Grace Lutheran College (GLC), founded in 1978, is a co-educational, private high school based in Rothwell and Caboolture in Queensland, Australia. Grace Lutheran Primary School is located in Clontarf, approximately a 10-minute drive from the main Grace College Campus at Rothwell. The current principal is David Radke, who took up the post in 2017 after the school's second principal, Ruth Butler, retired.
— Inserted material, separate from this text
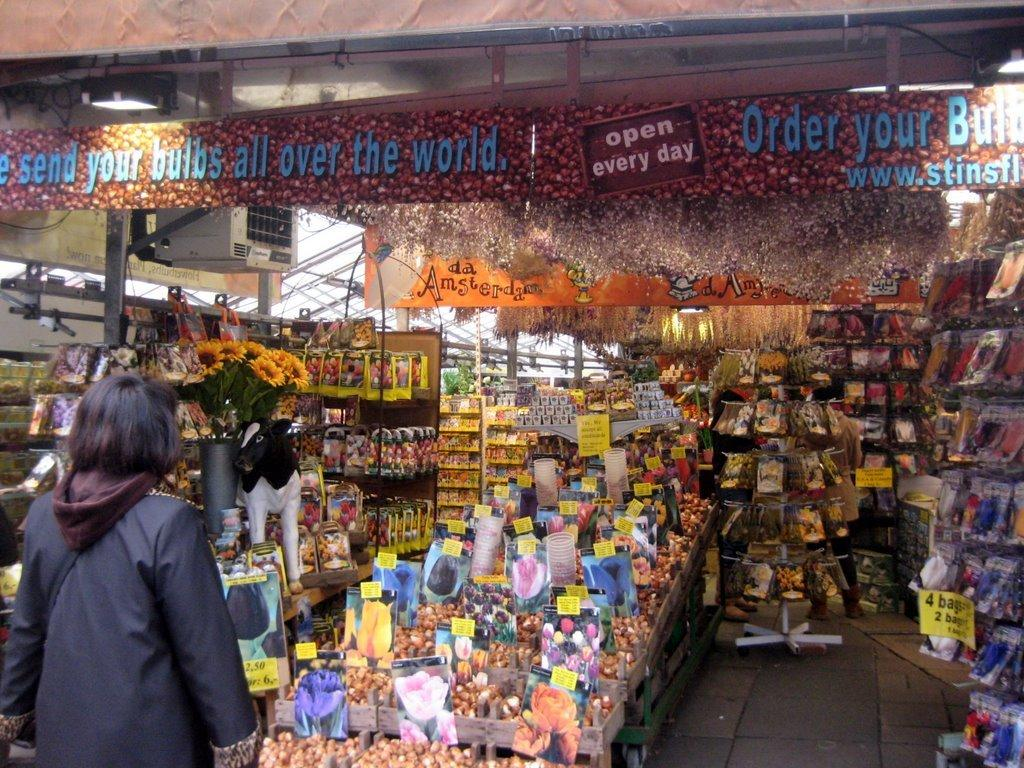<image>
Present a compact description of the photo's key features. a flower bulb shop is open every day of the week

The college's enrolment at the start of the 2011 school year was over 1800. Grace Lutheran College is a Christian school of the Lutheran Church of Australia.

History 
The college was first opened in 1977 with the Caboolture campus being founded in 2008. In February 1978, Viv Kuhl (retired deputy principal) became the first teacher at the school with an initial pupil count of 15. In 1980 the school moved to Anzac Avenue in Rothwell with 55 students and 5 teachers and with Fred Stolz as the first headmaster.

Educational subjects

Academic
Grace Lutheran College currently enrols students in Years 7–12. Before 2008, the school only enrolled from year 8–12, however Year 7s were incorporated in 2015. This leaves years 7–9 as the middle school and 10–12 as the senior school. 2008 saw the completion of the Caboolture campus of Grace Lutheran College, currently enrolling year 7 to 12 students and was officially opened on 24 May 2008.

Each year, the college pays the entry fees for every one of its students to participate in the University of New South Wales academic competitions in Mathematics, Science, and English. The college often scores a high number of awards in these events. Subsequently, various departments allow students to enter academic competitions voluntarily, with the school paying the entry fees for the students to do so.

Performing arts

The college has a Performing Arts department which is called Grace Academy. Each year, Performing Arts students have a variety of plays and productions as part of their course, usually, but not always, including junior and doing senior productions every second year. Every second year, the college also hosts a musical production, which is often popular within the community. Almost all of the production cast and crew are made up of students, with directing taken up by Performing Arts teachers.

Robotics 
The School has a purpose-built Robotics teaching space; the college uses these facilities to train teachers and students in STEM developments in the area of Robotics. Staff from institutions in the United States and South East Asia have visited Grace Lutheran College to learn about FIRST Robotics Competition. In 2016, Grace participated in FRC again with their robot, Exodus, coming 27th out of 52 teams internationally, and in 2017 they participated with their robot, Ezra, where they came 8th out of 39 teams internationally and in the finals placing 6th.

Sport
The college promotes a variety of sports which includes Aussie Rules, Baseball, Basketball, Cricket, Futsal, Gaelic Football, Hockey, Netball, Rugby League, Rugby Union, Soccer, Softball, Squash, Tennis, Touch, Volleyball and Water Polo.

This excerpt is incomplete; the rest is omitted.